Líder local vetado em Viana 

Em Viana do Castelo, o presidente da distrital, Carlos Morais Vieira, também  viu o seu nome, indicado para o terceiro lugar da lista, ser vetado pela sede nacional.

Por isso, a estrutura do partido enviou ontem um comunicado, em forma de protesto contra a decisão da direção, frisando que recusa aceitar o veto ao líder da distrital classificando a decisão de Rui Rio como «infundada e inaceitável», ligando-a a «motivos pessoais». No documento, lê-se ainda que a distrital garante que não vai «permitir jogadas de bastidores de elementos que nada têm feito pelo PSD no distrito».       

Viseu cerra fileiras 

Em Viseu, um dos bastiões mais fortes do PSD, conhecido como  ‘Cavaquistão’, também há tensão. No início desta semana, além do cabeça-de-lista, Fernando Ruas, ex-presidente da Associação Nacional de Municípios,  era vontade da direção em impôr mais um nome na lista, através  da quota nacional. Decisão que o líder da distrital, Pedro Alves, tem tentado travar. 

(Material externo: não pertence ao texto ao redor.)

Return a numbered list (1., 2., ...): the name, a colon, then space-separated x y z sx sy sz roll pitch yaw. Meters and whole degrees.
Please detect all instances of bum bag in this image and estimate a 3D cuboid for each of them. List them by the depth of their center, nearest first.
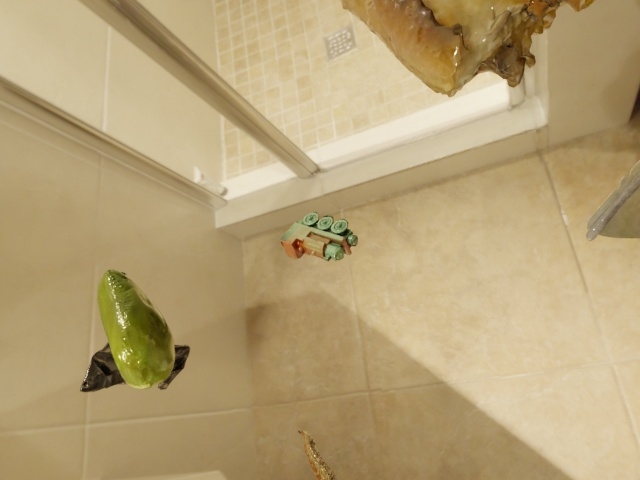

Este situação gerou um cerrar de fileiras entre Fernando Ruas e Pedro Alves. Fora do elenco de candidatos por este círculo eleitoral está João Montenegro, antigo assessor de Passos Coelho, apurou o SOL.

Évora perde candidato

No sul do país, em Évora, antes de formalizar a lista, Rui Rio perdeu um candidato. António Costa da Silva recusou ocupar o segundo lugar, depois de a presidente da distrital de Évora, Sónia Ramos, ter sido a escolhida pelo presidente do partido para encabeçar a lista de candidatos. Decisão tomada por Rui Rio, mesmo depois de, nas últimas semanas, Costa da Silva ter estado em cima da mesa para encabeçar a lista. 

Depois de ser preterido, o parlamentar preferiu não se alongar nas razões da sua saída, dizendo apenas que lhe «parece evidente para todos que não faz sentido nenhum pertencer às listas».